The US National Institute of Allergy and Infectious Diseases has awarded a grant to a San Diego, California-based company to progress new technology for fighting S. aureus by disrupting a signalling process called quorum sensing.
EMA prepares for first stem-cell application
The European Medicines Agency is inviting comment on a draft regulatory document for stem-cell therapies ahead of what is expected to be the first ever marketing authorisation application in Europe for such a therapy. At a workshop on 10 May 2010, Thomas Lönngren, the agency’s executive director, said the manufacturer of a stem-cell therapy has signaled its intention to seek approval for the product’s launch on the market. The regulatory review of the product will be informed by the new document, which is open for comment until 30 June. The document describes the proposed regulatory requirements for stem-cell therapies including the quality, non-clinical and clinical aspects. It also deals with subjects such as biodistribution. According to the EMA, there are about 40 clinical trials of stem-cell therapies underway in Europe exploring the regeneration of lost or damaged tissue, and in haematological or solid-organ malignancies. The majority of these trials use mesenchymal cells derived from adipose tissue, bone marrow, stromal cells and connective tissue. A small proportion is using haematopoietic stem cells.
New EU funding for regenerative medicine
The European Commission will be inviting researchers, including companies, to apply for a new tranche of funding in July under its Seventh Framework Programme (FP7). The call will include funds for clinical trials of regenerative medicines and for the application of new tools and technologies to these medicines. According to Charles Kessler, of the Commission’s research division, the new funding will be targeted at small and medium-sized enterprises. There will be a two-step application process, geared to the needs of small companies.
Advantages of iPS cells explained
One of the still-to-be explored applications of induced pluripotent stem cells (iPS) is their use in the treatment of monogenic diseases, according to Marc Peschanski, scientific director of the French research institute, I-Stem. Speaking at a European Medicines Agency workshop on 10 May, Mr Peschanski said iPS cells, which are embryonic-like stem cells created from adult somatic cells, could be used to treat inherited diseases that are controlled by a single pair of genes. The iPS technology could be used to create a bank of cell lines with different haplotypes which would be compatible with the immune systems of patients in need of a graft. “iPS [technology] allows us to go after specific donors with specific haplotypes,” Mr Peschanski commented.
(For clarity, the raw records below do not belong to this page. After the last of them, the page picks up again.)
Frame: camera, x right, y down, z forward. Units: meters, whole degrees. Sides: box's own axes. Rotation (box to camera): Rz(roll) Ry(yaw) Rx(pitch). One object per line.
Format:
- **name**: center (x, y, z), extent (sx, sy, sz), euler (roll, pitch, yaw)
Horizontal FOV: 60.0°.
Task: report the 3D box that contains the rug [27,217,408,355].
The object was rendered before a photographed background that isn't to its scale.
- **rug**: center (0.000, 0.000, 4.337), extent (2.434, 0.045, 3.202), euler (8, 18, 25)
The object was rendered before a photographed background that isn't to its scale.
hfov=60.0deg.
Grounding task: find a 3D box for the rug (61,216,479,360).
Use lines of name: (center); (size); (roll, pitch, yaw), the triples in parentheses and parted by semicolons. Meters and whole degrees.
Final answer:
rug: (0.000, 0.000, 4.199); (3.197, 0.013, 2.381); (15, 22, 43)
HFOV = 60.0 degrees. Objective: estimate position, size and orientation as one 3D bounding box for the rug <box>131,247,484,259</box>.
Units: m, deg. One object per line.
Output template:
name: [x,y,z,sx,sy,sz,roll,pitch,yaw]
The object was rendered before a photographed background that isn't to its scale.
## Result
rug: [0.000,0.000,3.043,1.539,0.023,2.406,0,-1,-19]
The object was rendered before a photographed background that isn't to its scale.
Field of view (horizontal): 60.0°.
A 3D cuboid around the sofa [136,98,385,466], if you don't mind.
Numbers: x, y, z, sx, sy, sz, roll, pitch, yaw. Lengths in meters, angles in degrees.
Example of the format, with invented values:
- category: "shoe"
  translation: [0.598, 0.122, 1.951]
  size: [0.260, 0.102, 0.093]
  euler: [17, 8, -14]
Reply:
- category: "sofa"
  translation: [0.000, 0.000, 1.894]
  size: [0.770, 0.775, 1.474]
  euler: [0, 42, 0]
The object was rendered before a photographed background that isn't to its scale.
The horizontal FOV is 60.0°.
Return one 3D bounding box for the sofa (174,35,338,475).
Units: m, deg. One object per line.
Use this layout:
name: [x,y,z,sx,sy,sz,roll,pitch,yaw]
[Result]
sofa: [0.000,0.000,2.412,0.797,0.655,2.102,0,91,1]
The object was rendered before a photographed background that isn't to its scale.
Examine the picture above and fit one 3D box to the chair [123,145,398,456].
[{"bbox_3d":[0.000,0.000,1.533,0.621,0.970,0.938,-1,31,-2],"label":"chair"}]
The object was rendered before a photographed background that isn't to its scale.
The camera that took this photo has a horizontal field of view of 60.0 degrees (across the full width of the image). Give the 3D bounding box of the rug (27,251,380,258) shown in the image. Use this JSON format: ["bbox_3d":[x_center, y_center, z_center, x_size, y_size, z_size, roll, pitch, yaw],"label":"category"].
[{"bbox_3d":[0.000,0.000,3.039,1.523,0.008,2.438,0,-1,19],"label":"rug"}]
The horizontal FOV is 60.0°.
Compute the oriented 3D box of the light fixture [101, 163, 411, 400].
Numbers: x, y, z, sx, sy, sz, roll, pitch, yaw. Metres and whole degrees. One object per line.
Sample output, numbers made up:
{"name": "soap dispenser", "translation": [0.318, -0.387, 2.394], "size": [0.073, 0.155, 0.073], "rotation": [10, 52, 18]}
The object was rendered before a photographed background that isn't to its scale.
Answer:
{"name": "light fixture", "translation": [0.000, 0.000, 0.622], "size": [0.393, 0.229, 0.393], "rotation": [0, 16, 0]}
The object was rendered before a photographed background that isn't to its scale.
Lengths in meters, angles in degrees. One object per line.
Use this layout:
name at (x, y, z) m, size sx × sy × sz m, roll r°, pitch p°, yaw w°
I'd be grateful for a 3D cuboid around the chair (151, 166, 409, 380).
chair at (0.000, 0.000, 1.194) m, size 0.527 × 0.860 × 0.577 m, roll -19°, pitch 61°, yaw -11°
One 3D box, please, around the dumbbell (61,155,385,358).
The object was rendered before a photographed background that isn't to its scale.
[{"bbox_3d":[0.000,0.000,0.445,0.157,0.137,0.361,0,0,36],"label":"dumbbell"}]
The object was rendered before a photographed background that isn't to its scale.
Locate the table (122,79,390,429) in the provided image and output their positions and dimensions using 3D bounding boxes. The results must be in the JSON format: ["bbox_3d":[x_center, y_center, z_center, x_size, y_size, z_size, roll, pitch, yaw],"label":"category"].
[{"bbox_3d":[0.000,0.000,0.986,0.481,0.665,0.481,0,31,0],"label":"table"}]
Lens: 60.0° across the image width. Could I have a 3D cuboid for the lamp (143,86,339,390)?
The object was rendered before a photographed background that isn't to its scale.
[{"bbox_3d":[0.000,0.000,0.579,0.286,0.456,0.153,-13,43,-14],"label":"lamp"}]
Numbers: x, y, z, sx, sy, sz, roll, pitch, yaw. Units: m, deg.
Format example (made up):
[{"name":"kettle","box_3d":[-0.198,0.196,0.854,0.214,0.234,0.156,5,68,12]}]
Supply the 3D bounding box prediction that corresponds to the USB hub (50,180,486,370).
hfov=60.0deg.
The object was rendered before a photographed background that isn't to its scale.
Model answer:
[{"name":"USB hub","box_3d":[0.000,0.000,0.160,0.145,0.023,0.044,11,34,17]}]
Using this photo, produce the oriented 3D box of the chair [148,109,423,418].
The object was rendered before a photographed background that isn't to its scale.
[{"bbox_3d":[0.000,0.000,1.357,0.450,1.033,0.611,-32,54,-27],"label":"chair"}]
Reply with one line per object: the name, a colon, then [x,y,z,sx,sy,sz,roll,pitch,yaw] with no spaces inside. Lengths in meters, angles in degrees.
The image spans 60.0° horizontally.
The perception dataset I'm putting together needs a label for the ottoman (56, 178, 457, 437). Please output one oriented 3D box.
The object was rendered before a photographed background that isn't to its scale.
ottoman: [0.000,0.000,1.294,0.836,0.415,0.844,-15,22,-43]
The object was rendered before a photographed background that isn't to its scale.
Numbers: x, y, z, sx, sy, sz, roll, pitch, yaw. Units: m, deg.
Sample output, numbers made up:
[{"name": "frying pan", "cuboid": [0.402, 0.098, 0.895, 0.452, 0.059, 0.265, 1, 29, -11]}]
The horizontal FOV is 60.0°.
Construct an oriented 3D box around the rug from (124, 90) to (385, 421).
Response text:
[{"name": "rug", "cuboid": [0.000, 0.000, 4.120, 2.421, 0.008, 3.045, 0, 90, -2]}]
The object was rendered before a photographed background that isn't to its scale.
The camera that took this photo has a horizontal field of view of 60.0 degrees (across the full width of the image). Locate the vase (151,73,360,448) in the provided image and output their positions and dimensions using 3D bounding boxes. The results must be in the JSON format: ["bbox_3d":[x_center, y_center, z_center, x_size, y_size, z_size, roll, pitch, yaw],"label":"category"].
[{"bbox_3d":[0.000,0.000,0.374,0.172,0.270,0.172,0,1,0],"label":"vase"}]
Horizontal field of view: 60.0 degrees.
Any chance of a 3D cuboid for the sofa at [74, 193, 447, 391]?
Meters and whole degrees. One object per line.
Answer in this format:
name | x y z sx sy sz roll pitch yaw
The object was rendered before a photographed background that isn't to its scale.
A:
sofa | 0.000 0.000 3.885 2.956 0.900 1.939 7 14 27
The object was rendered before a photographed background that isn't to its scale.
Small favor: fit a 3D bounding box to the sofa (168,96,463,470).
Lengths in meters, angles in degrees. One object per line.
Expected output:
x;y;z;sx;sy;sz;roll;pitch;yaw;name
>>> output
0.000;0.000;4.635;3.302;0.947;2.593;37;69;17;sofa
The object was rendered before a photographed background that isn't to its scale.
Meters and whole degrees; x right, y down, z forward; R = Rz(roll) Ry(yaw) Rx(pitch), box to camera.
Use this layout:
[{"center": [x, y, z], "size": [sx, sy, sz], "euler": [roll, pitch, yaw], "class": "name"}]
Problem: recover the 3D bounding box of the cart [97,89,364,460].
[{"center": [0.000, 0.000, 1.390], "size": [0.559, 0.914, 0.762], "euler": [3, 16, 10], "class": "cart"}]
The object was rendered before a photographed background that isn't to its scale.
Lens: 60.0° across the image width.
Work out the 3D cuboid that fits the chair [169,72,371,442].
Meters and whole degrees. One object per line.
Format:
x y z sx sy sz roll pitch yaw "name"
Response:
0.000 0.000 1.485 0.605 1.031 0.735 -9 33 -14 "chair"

Call for longer incubation for regenerative medicines
At a time when capital is scarce, inventors of new regenerative medicine technology should incubate this technology longer rather than rush to start up companies, according to Greg Bonfiglio, managing partner of Proteus Venture Capital. Speaking at a conference in London on 12 May, Mr Bonfiglio said money is tight for all but the most ‘pristine’ technologies and business plans. Investors are less willing to take risks now than before the start of the financial crisis. This means scientists should be keeping their technologies in translation centres for longer, even through Phase 2. Examples of translation centres are the UK’s Medical Research Council, the Fraunhofer Society in Germany and the California Institute for Regenerative Medicine, he said.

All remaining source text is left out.